Transcribe, word for word and without additions, each line below from the one containing "Apply the previous 3D box detection to a new class: dustpan" through the one containing "- box (524, 0, 664, 72)", both ends included.

Records shown section start

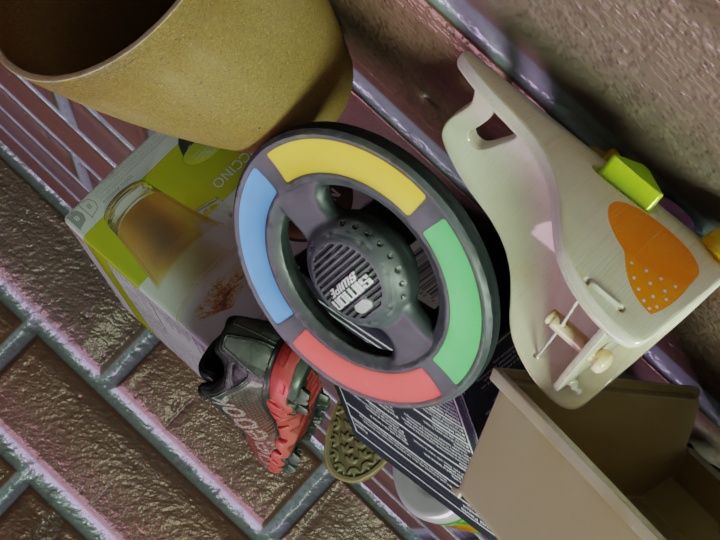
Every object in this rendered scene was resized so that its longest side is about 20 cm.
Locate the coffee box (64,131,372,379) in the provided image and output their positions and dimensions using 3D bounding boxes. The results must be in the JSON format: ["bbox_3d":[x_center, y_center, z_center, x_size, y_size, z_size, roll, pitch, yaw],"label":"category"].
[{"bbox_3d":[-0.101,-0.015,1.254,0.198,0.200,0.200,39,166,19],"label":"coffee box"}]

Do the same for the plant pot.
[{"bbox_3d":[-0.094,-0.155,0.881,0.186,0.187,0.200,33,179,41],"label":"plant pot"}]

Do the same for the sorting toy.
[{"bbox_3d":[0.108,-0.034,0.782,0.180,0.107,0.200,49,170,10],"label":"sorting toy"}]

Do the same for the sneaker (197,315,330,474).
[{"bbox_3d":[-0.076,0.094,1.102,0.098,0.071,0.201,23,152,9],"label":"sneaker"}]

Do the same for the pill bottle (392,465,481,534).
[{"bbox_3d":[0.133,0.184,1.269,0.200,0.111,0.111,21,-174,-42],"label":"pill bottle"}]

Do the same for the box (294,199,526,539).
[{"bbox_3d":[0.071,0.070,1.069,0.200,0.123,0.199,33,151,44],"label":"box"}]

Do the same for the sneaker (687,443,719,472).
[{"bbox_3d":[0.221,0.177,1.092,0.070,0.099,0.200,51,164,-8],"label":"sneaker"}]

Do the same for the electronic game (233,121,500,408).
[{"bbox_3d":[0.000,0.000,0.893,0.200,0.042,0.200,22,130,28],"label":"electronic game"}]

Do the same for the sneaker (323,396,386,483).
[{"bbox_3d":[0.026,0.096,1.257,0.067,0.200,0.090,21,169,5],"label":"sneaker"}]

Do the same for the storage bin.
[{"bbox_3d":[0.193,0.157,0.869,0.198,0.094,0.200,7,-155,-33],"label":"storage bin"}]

Records shown section end
Records shown section start

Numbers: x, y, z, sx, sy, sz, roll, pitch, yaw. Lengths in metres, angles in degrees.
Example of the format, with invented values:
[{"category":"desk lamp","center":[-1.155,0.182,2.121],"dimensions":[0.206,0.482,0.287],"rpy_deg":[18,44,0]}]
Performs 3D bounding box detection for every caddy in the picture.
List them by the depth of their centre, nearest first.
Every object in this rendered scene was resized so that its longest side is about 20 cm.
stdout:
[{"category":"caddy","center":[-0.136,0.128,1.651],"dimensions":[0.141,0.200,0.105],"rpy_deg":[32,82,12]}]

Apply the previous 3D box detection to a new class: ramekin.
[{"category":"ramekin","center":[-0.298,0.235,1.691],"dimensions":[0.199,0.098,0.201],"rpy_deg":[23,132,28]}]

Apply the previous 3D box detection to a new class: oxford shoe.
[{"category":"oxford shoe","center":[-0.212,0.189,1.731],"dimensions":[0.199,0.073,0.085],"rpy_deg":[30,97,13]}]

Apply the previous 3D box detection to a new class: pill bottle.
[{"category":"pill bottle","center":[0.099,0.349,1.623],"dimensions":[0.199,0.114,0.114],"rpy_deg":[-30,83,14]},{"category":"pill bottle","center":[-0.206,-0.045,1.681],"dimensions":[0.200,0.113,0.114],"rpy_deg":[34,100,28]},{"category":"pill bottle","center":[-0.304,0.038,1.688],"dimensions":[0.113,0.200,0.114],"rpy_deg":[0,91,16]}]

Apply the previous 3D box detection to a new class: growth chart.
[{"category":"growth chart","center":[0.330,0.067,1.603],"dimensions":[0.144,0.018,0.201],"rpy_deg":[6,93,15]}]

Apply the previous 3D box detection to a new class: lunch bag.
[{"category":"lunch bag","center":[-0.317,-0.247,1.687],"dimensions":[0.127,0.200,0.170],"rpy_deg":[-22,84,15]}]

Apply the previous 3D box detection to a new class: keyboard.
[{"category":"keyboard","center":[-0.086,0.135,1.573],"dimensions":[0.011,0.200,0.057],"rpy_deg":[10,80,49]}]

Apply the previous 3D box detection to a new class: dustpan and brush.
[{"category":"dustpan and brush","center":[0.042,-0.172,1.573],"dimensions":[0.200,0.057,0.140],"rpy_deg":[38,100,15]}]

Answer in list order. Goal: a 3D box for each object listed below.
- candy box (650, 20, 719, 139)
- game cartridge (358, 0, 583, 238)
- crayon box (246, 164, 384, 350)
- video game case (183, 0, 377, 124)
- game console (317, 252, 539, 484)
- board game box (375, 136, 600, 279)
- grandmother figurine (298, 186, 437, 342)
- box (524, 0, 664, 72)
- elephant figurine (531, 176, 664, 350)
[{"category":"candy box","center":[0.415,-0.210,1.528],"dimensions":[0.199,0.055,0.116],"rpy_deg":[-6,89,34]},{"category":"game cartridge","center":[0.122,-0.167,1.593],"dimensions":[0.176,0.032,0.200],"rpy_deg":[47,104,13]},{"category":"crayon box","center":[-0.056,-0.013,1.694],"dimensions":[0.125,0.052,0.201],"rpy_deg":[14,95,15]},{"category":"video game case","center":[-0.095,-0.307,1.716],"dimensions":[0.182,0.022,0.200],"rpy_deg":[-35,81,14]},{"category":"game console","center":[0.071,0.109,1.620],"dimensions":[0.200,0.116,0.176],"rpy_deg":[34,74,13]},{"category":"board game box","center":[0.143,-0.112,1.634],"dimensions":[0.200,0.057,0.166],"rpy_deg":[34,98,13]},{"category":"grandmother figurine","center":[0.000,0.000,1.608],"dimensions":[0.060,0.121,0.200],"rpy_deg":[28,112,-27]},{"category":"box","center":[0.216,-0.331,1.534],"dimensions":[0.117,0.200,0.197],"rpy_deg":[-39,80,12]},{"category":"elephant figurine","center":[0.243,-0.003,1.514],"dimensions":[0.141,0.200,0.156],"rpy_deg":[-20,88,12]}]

Records shown section end

> [Task result]:
Apply the previous 3D box detection to a new class: dustpan and brush.
[{"category":"dustpan and brush","center":[0.042,-0.172,1.573],"dimensions":[0.200,0.057,0.140],"rpy_deg":[38,100,15]}]

Answer in list order. Goal: a 3D box for each object listed below.
- candy box (650, 20, 719, 139)
- game cartridge (358, 0, 583, 238)
- crayon box (246, 164, 384, 350)
- video game case (183, 0, 377, 124)
- game console (317, 252, 539, 484)
- board game box (375, 136, 600, 279)
- grandmother figurine (298, 186, 437, 342)
- box (524, 0, 664, 72)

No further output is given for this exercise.